In other words and as above, pegging stereotypically refers to a cis man being penetrated anally by a cis woman wearing a strap-on dildo.
NB and as above: although the term tends to be used in a heterosexual context, pegging can be enjoyed by all genders and sexualities.
So, how common is pegging, and what’s the percentage of couples who peg?
The same Lovehoney stats as above revealed that, while 10% of women had pegged their partner, 45% of couples said they didn’t know what it meant.
They also reported it’s clearly a move that’s on the rise among heterosexual couples in the UK, with sales of strap-ons up by nearly 200% last year. Shop our pick of the best dildos at our best sex toys for couples shopping listicle, or, if you’d rather opt for a planet-friendly option, head to our eco-friendly sex toys page.
How did pegging become popular?
In the same way that Ann Summers attributed the turn-of-the-century buzz in vibrators to the appearance of the Rampant Rabbit on a 1998 episode of Sex And The City (and Fifty Shades Of Grey led to a spike in spanking, jiggle balls and bondage), popular culture has helped put this sex move on the kinky map.

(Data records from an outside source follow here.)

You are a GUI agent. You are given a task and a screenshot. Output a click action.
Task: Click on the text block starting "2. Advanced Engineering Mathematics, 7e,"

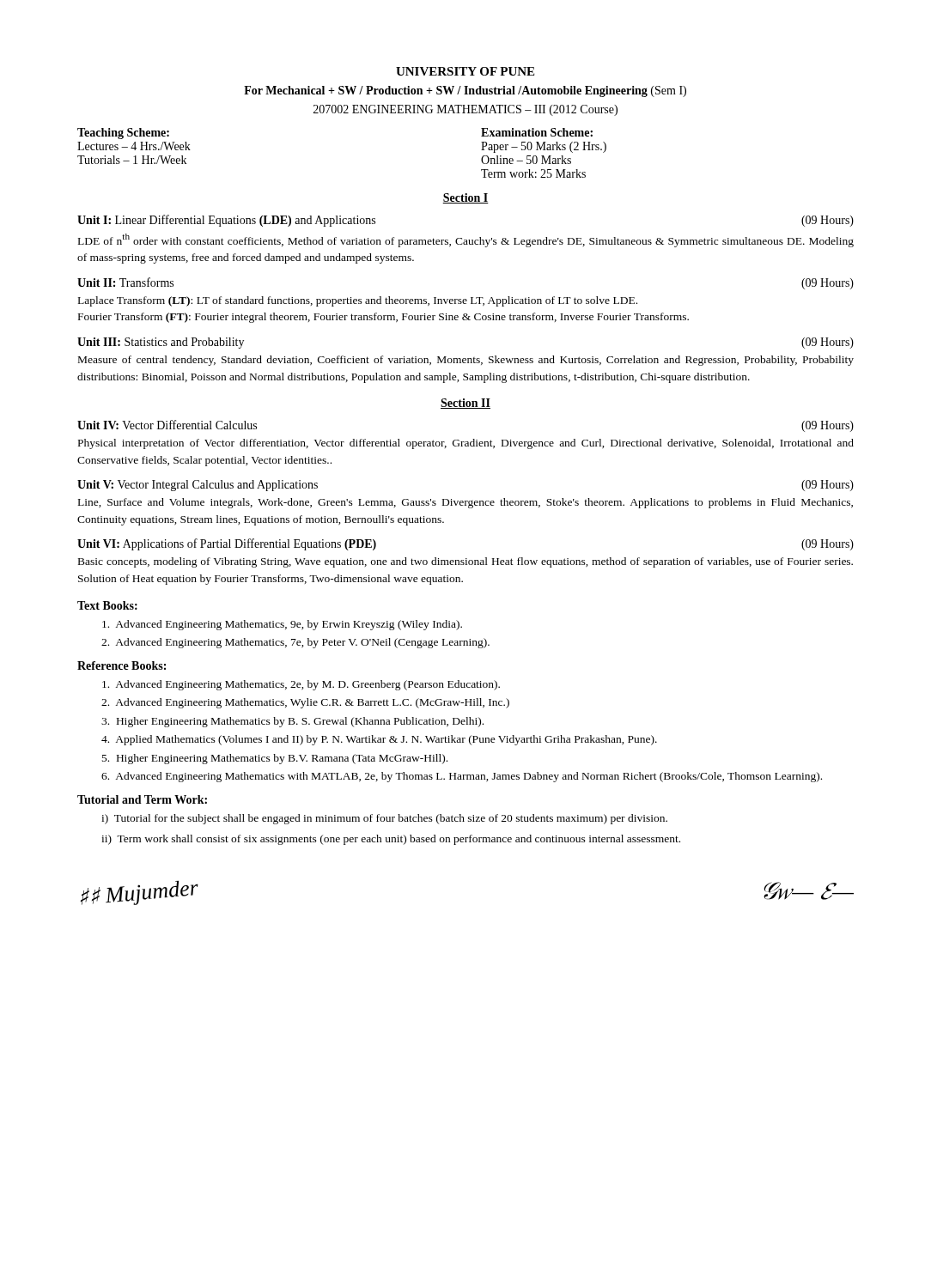296,642
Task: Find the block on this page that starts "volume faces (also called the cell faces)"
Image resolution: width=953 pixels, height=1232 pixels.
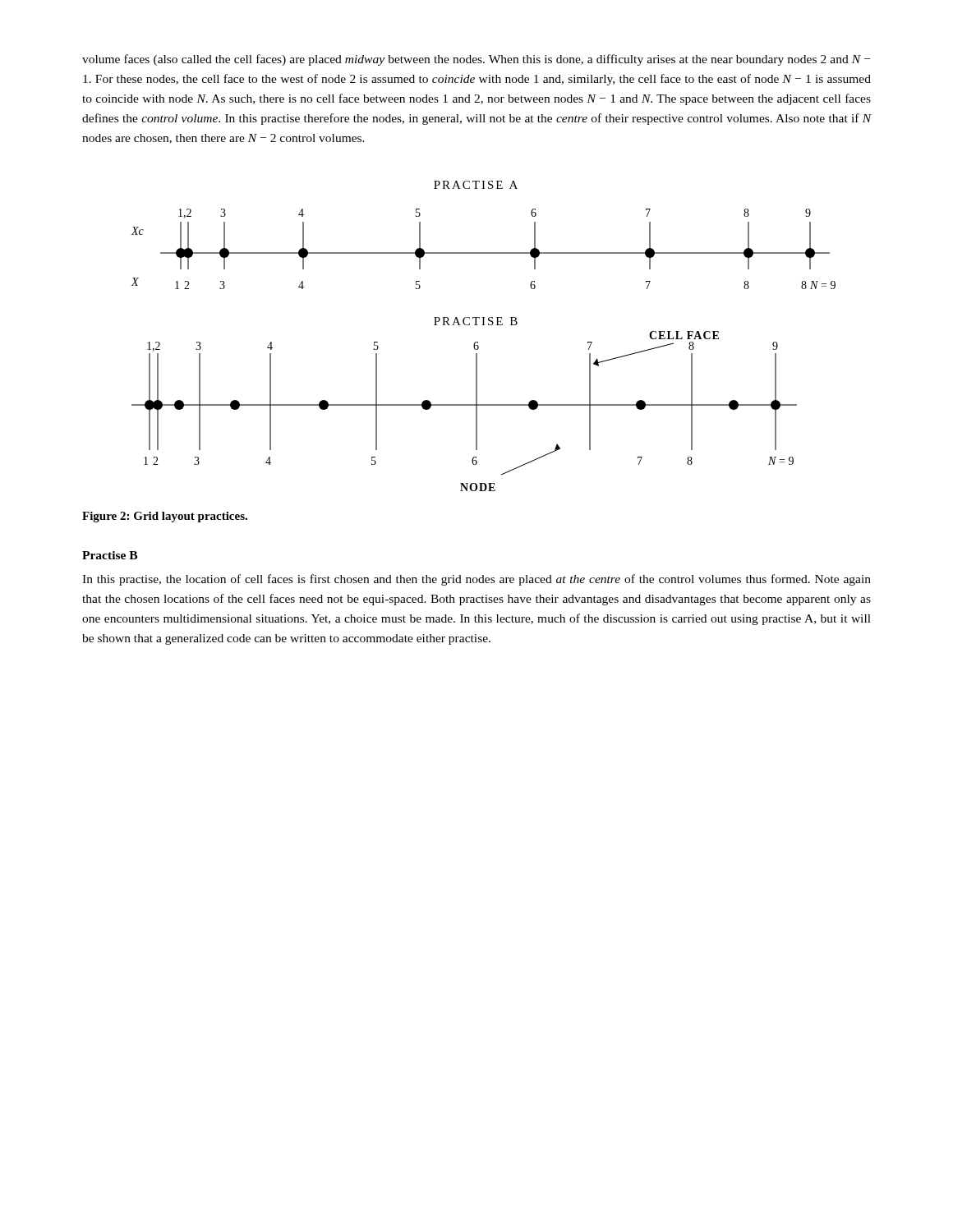Action: pos(476,98)
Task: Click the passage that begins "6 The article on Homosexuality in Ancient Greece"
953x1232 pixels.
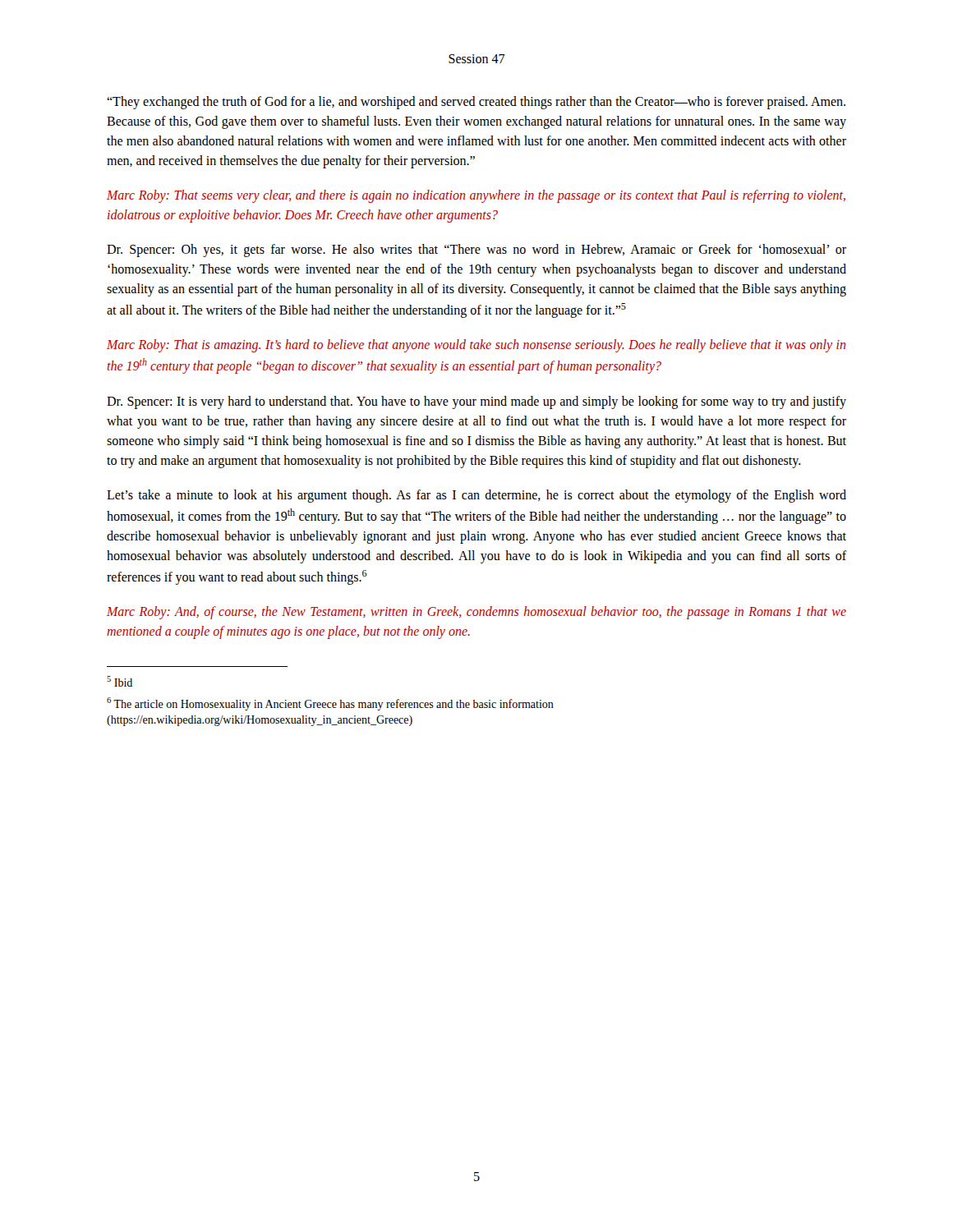Action: (330, 711)
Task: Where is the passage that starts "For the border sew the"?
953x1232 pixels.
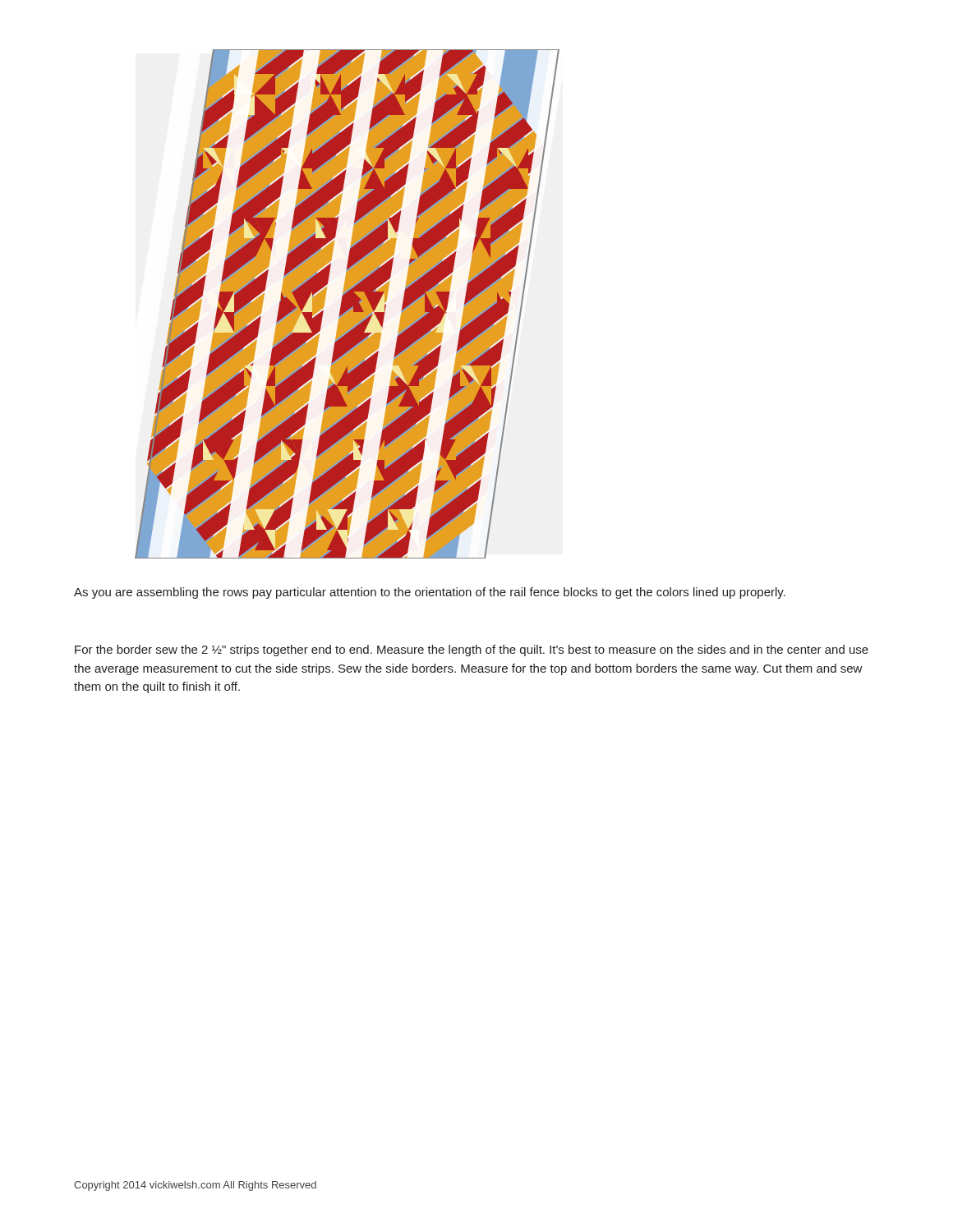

Just last month, Cara Delevingne wore a politcally-charged ‘Peg the Patriarchy’ vest to the 2021 Met Gala. Back in 2015, American sitcom Broad City, a show following the exploits of two female millennial New Yorkers, featured one of the main characters pegging her long-term crush.
Pegging also made a cameo in a sex montage in hit superhero movie Deadpool, with Ryan Reynolds taking one for the progressive male team. There’s even a Reddit thread with 34,000 Redditors devoted to the sex move, where posts range from harness advice to celebratory ‘we did it!’ selfies.
Wait… was pegging mentioned on Gogglebox?
Oh yep. We leave this golden clip here for you. Note to all: this is just one couple’s opinion on the sex move. You might quite enjoy it…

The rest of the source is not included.